Records for this exercise:
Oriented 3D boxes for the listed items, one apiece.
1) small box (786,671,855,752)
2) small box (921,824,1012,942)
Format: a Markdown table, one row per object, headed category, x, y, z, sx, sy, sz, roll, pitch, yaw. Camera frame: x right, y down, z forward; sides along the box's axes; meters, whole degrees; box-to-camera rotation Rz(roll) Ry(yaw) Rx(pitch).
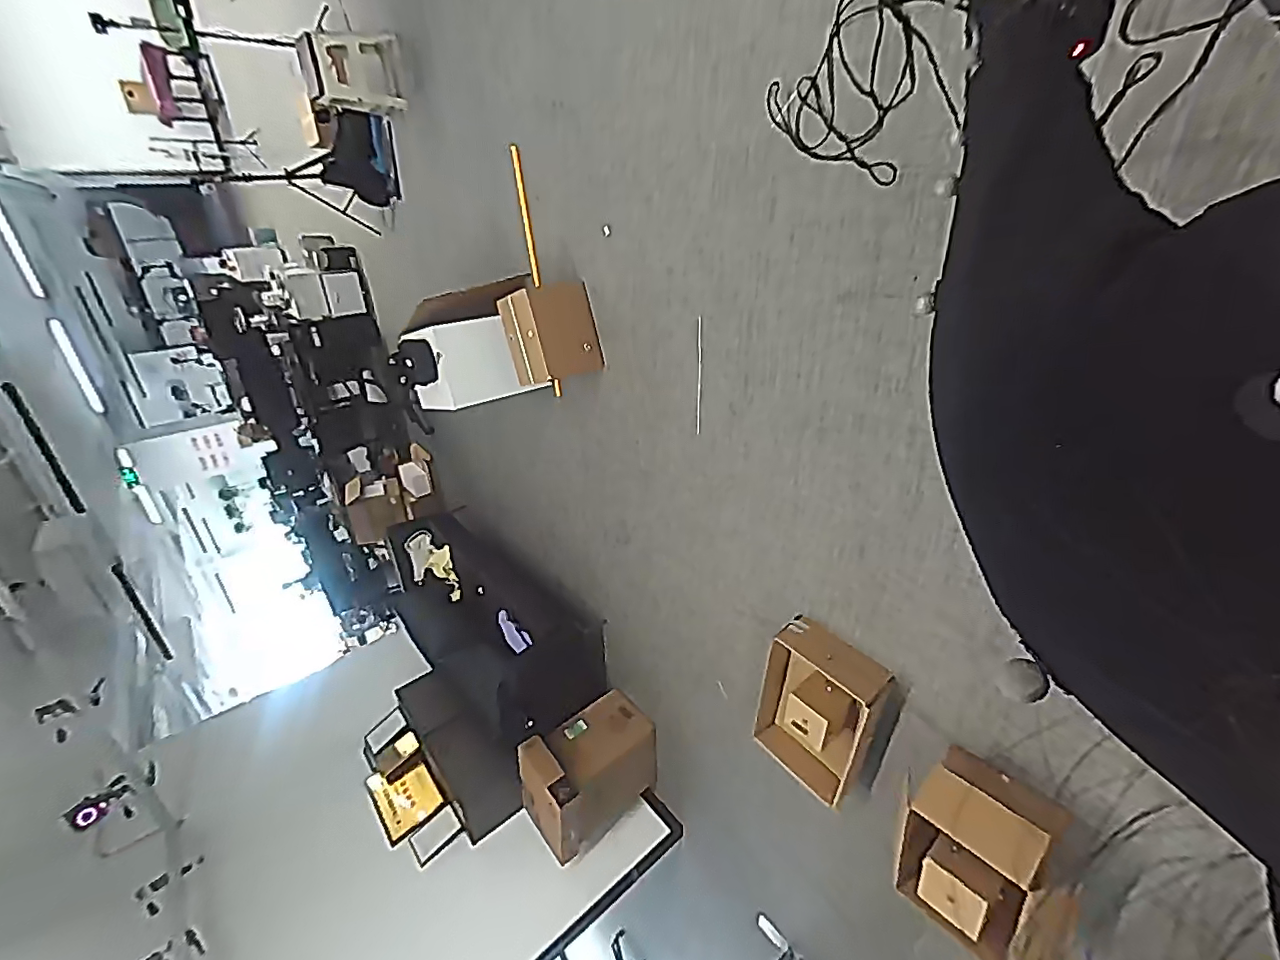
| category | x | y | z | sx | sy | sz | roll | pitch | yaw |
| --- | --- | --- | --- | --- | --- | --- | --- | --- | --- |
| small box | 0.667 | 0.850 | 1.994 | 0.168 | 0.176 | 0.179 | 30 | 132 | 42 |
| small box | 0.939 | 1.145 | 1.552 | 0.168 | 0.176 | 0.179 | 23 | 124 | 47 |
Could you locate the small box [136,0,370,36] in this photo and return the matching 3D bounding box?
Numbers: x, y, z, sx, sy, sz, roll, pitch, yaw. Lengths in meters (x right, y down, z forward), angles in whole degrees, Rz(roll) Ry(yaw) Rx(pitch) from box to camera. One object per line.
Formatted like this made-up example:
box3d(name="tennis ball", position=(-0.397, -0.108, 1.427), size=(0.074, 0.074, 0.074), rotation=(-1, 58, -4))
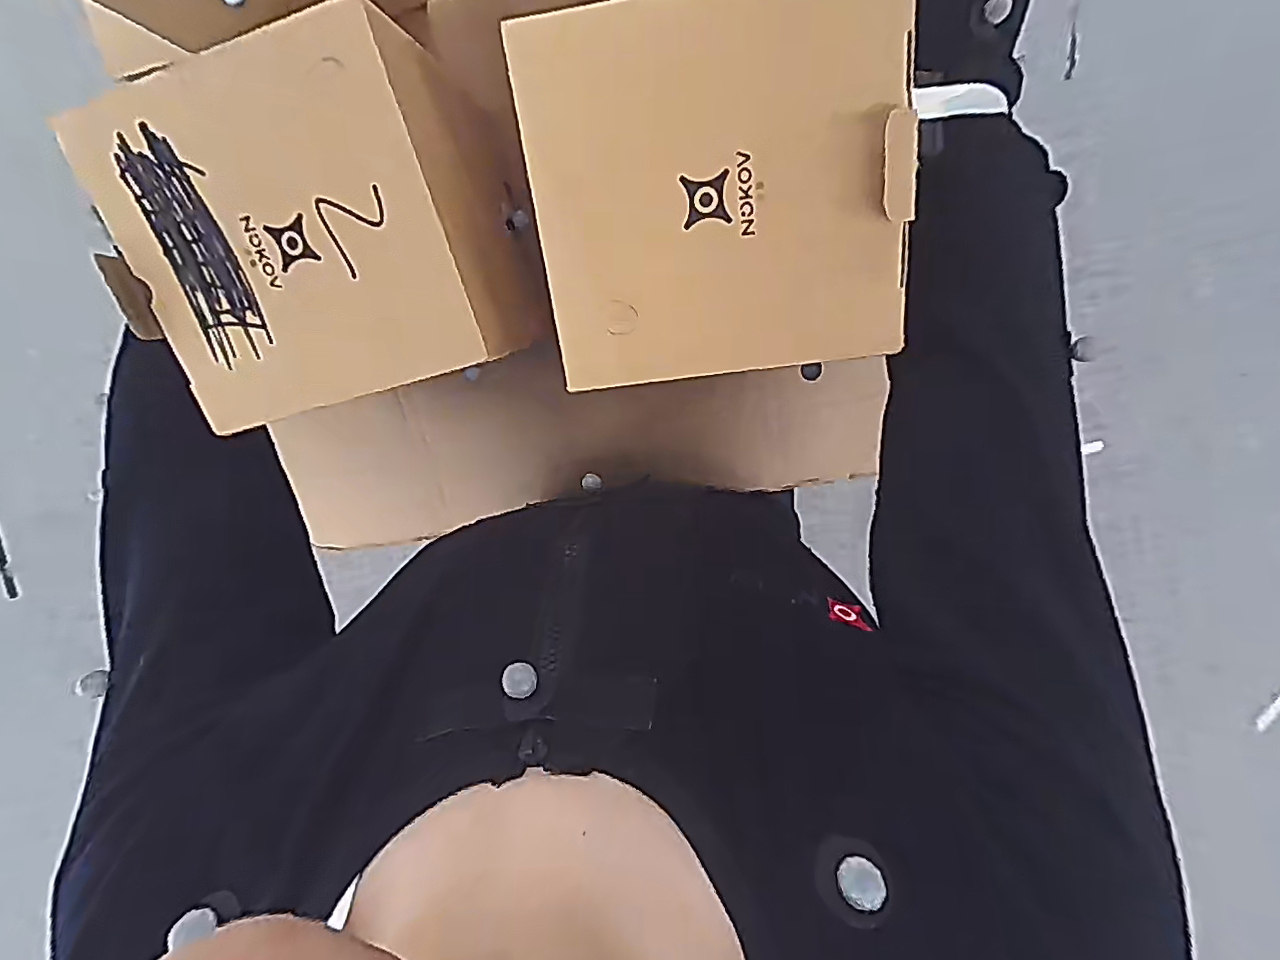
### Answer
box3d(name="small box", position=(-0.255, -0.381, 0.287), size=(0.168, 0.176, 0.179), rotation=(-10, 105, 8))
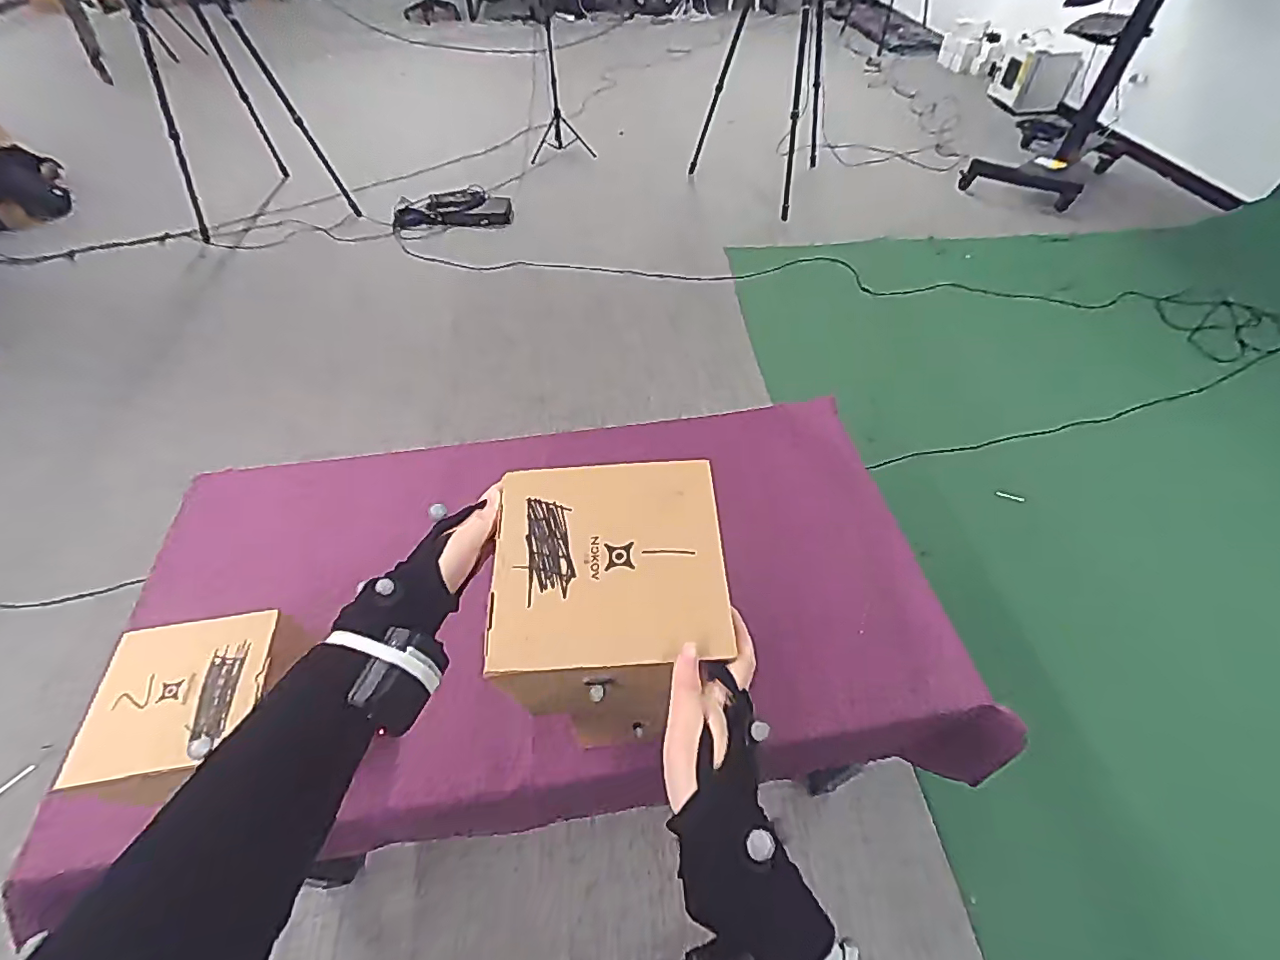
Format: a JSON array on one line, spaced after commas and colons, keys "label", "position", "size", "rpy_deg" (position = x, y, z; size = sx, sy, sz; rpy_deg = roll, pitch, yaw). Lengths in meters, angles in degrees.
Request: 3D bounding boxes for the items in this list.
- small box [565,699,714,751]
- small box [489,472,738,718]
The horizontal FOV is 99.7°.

What you will do:
Go through the records above, find each line with the string "Lengths", and copy it.

Solution:
Numbers: x, y, z, sx, sy, sz, roll, pitch, yaw. Lengths in meters (x right, y down, z forward), angles in whole degrees, Rz(roll) Ry(yaw) Rx(pitch) from box to camera. One object per line.
Format: a JSON array on one line, spaced after commas and colons, keys "label", "position", "size", "rpy_deg" (position = x, y, z; size = sx, sy, sz; rpy_deg = roll, pitch, yaw). Lengths in meters, angles in degrees.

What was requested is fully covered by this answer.